An animal that endangers the safety of persons, livestock or domesticated animals.
An animal that causes injury to any person, livestock or domestic animal.
An animal that attacks or attempts to attack any person, livestock or domestic animal.
Fines range from $100 – $2,000 for violations of Dangerous Animal Home Rule.
It is against the law for any person to sell, offer for sale, buy, attempt to buy, breed or possess any animal for fighting other animals for sport.
It is against the law to train, torment, abuse, tease, badger or otherwise provoke an animal for the purpose of encouraging an animal to attack any person, livestock or domestic animal.
Fines for violating the Fighting Animals Home Rule are a Class B misdemeanor with a maximum fine of $2,000. The animal will be seized and destroyed.
In 1993, the County enacted an Exotic Animal Home Rule, making it unlawful to own, keep, harbor or possess any animal, which is not domesticated. County residents, who already possessed exotic animals, had to obtain a $25 license per animal to keep them and follow specific rules for confining them.
Hybrid dogs and cats are considered Exotic Animals and are illegal to own in Shawnee County. (Hybrid: the offspring of a domesticated dog or cat bred with a wild canine or feline.)
The Home Rule does not apply to licensed animal rehabilitators, zoos, circus, menagerie, animal exhibitors or licensed game breeders.
Violations of the Exotic Animal Home Rule range from $50 – $1,000 and no more than 10 days in jail.
For more information on any of these animal-related Home Rules, contact the Shawnee County Sheriff’s Department Animal Control Unit at 785.368.2200.

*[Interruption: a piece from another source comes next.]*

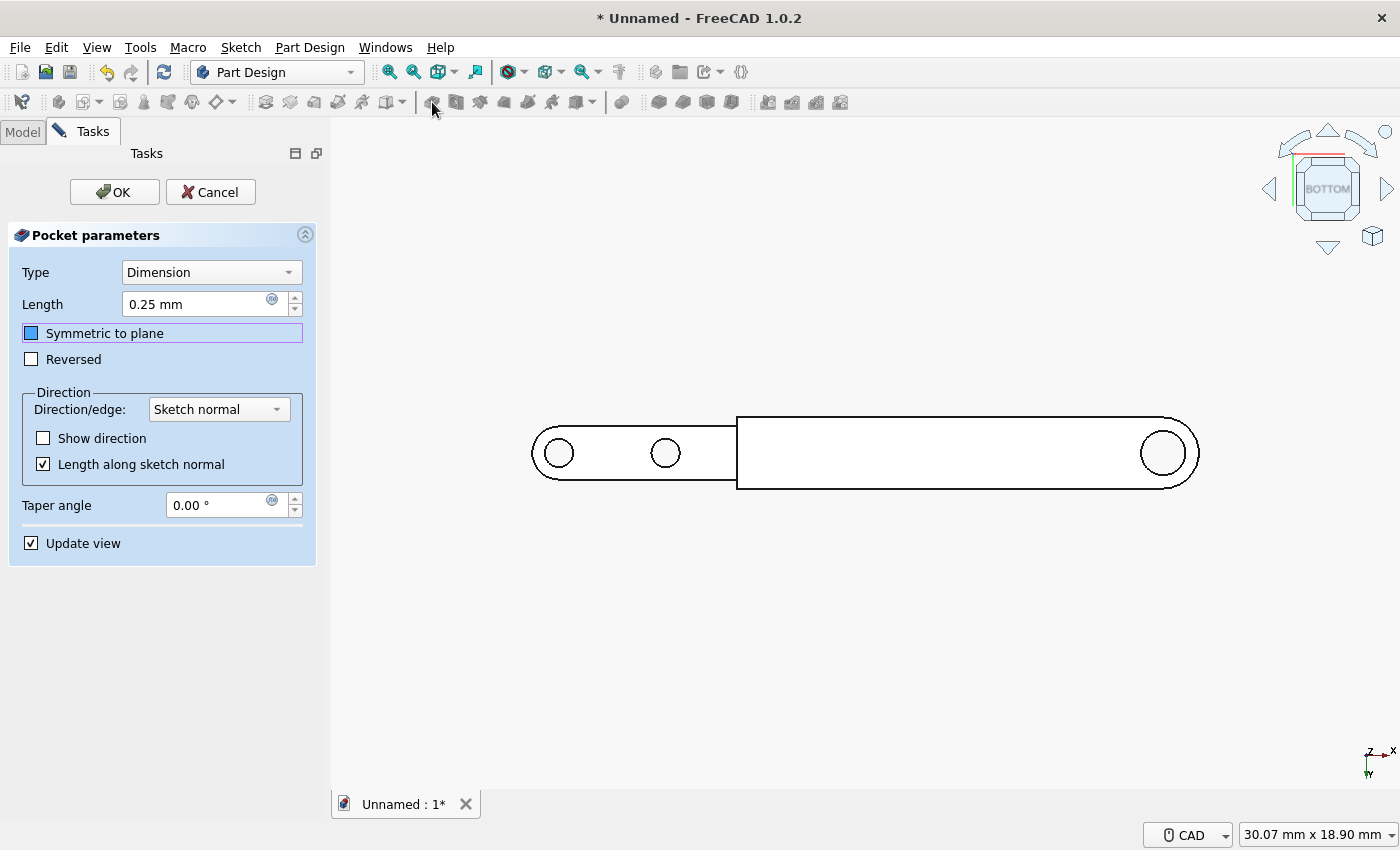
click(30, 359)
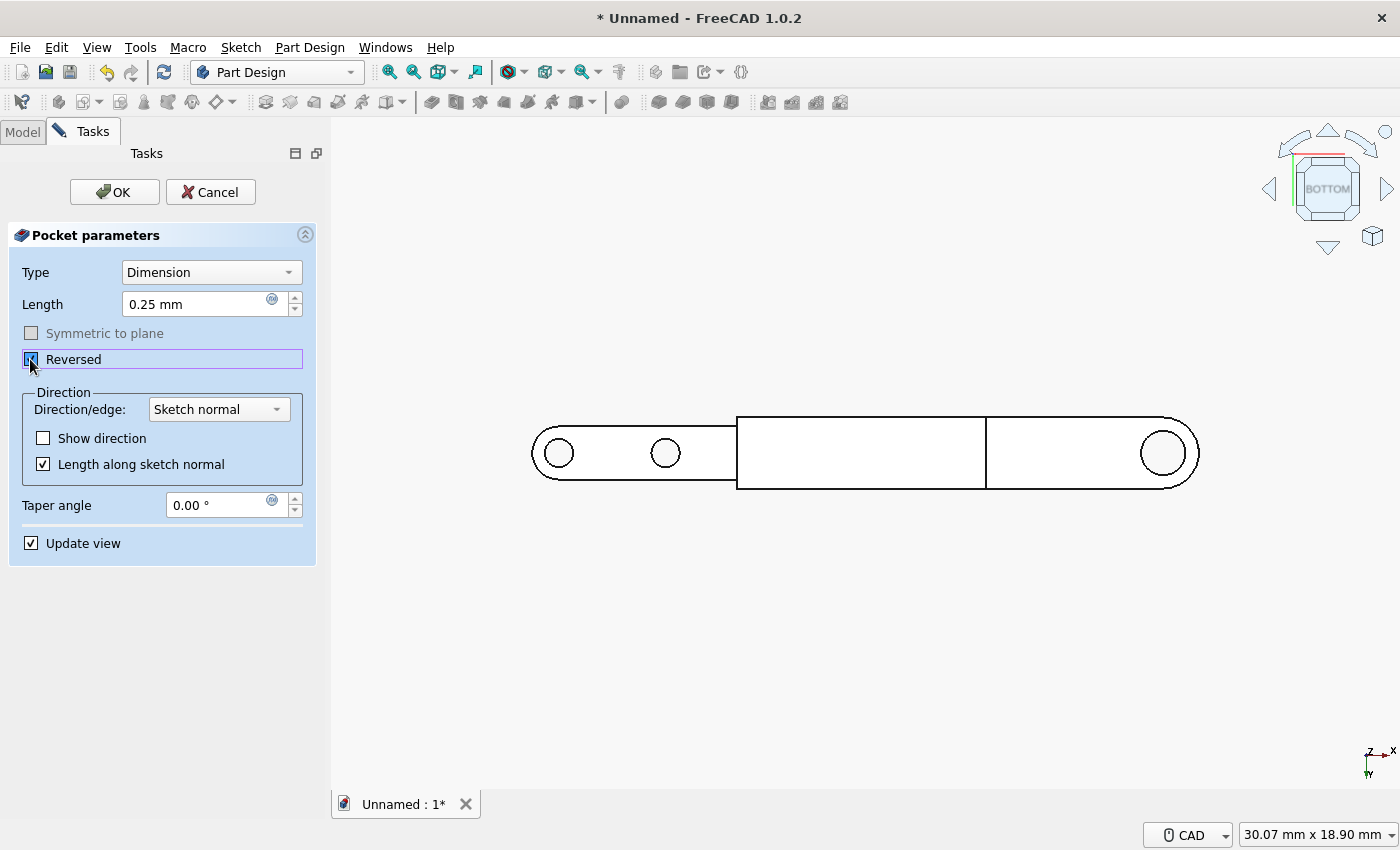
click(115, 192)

To Report Animal Complaints 24 Hours/Day:
Animal Control Dispatcher, 785.368.9203
The officers can issue citations for violations in these cases. They also pick up loose dogs, unlicensed cats and dogs, deceased animals and injured animals with no identifiable owner.
Animal Control Officers do not respond to “barking dog” calls. This type of complaint is handled by uniformed police officers.
Animal Control Officers are on duty from 6 am until 8:30 pm in the summer months and from 8am until 5pm in the winter months.
For times when an officer is not on duty, there is a call-back procedure but only for cases of an injured, sick, vicious animal or an animal that has bitten someone.
Animals which are picked up by Animal Control Officers are generally taken to Helping Hands Humane Society, 5720 SW 21st Street.
To claim an animal taken to the Shelter pursuant to charges, such as violation of the leash law or no tags, the owner should contact the Shelter to obtain the number and date of the ticket.
The owner then must go, in person, to be served with the ticket. The owner has 14 days to either pay the fine(s) or set a court date. In most cases, except cruelty cases or vicious animal violations for example, the animal can be returned to the owner after the ticket is served.